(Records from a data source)
»»

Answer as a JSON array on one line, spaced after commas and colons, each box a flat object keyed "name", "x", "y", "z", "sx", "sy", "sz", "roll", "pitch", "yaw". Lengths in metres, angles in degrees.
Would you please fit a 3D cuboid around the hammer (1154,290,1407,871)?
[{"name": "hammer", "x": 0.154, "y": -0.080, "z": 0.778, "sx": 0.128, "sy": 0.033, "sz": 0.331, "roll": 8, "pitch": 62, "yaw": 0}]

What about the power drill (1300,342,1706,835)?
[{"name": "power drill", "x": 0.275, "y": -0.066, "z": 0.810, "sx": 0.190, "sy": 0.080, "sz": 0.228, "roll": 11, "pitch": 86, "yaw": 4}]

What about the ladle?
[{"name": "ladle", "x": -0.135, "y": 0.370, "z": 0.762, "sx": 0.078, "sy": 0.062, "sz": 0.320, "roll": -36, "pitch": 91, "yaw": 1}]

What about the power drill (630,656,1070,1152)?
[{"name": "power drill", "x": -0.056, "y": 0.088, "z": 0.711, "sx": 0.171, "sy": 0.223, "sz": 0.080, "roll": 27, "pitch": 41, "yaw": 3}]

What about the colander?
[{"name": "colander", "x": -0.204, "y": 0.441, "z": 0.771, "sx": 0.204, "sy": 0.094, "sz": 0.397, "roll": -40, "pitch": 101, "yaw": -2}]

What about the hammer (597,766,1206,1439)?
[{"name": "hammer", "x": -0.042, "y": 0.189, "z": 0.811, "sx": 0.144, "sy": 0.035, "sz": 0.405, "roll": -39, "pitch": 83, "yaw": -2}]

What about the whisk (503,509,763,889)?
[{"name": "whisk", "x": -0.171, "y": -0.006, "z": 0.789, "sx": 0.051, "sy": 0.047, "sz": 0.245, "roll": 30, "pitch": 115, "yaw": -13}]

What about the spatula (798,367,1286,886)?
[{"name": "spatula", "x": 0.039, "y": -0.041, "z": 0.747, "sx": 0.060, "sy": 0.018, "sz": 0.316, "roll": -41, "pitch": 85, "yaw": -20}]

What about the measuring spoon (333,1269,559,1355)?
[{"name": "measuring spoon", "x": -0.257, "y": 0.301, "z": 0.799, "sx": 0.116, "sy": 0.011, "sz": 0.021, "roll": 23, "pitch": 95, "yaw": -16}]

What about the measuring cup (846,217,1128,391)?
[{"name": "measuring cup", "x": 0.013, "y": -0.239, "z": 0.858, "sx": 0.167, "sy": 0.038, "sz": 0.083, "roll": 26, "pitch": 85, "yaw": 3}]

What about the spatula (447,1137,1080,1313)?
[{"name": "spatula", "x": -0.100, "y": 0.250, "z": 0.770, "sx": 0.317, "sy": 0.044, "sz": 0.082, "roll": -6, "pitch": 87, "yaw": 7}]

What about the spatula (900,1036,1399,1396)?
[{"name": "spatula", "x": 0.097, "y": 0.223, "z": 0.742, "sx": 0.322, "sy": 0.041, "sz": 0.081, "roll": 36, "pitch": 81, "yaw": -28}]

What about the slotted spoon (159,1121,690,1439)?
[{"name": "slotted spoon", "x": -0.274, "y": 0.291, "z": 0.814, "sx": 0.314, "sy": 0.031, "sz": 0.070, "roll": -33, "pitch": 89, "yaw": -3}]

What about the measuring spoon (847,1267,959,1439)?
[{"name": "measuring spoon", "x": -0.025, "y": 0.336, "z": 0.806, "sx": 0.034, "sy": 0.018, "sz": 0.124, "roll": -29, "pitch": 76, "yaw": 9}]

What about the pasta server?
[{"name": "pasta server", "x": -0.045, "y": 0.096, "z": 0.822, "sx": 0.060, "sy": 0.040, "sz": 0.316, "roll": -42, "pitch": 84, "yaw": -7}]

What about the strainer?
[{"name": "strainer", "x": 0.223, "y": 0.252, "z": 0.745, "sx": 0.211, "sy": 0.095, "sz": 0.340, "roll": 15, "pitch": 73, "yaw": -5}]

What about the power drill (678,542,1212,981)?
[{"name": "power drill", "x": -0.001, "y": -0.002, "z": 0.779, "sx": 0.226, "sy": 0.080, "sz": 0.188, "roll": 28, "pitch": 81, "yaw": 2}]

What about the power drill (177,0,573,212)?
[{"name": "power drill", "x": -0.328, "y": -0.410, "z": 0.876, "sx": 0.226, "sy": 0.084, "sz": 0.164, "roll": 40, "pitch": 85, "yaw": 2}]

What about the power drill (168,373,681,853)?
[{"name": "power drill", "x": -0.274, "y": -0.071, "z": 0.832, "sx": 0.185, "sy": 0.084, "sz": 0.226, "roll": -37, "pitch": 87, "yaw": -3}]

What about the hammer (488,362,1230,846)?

««

### Work request
A verbatim transcription is required of the lines from the one with "What about the power drill (177,0,573,212)?" through the final line of the entries above, and of nothing else.

### Written reply
What about the power drill (177,0,573,212)?
[{"name": "power drill", "x": -0.328, "y": -0.410, "z": 0.876, "sx": 0.226, "sy": 0.084, "sz": 0.164, "roll": 40, "pitch": 85, "yaw": 2}]

What about the power drill (168,373,681,853)?
[{"name": "power drill", "x": -0.274, "y": -0.071, "z": 0.832, "sx": 0.185, "sy": 0.084, "sz": 0.226, "roll": -37, "pitch": 87, "yaw": -3}]

What about the hammer (488,362,1230,846)?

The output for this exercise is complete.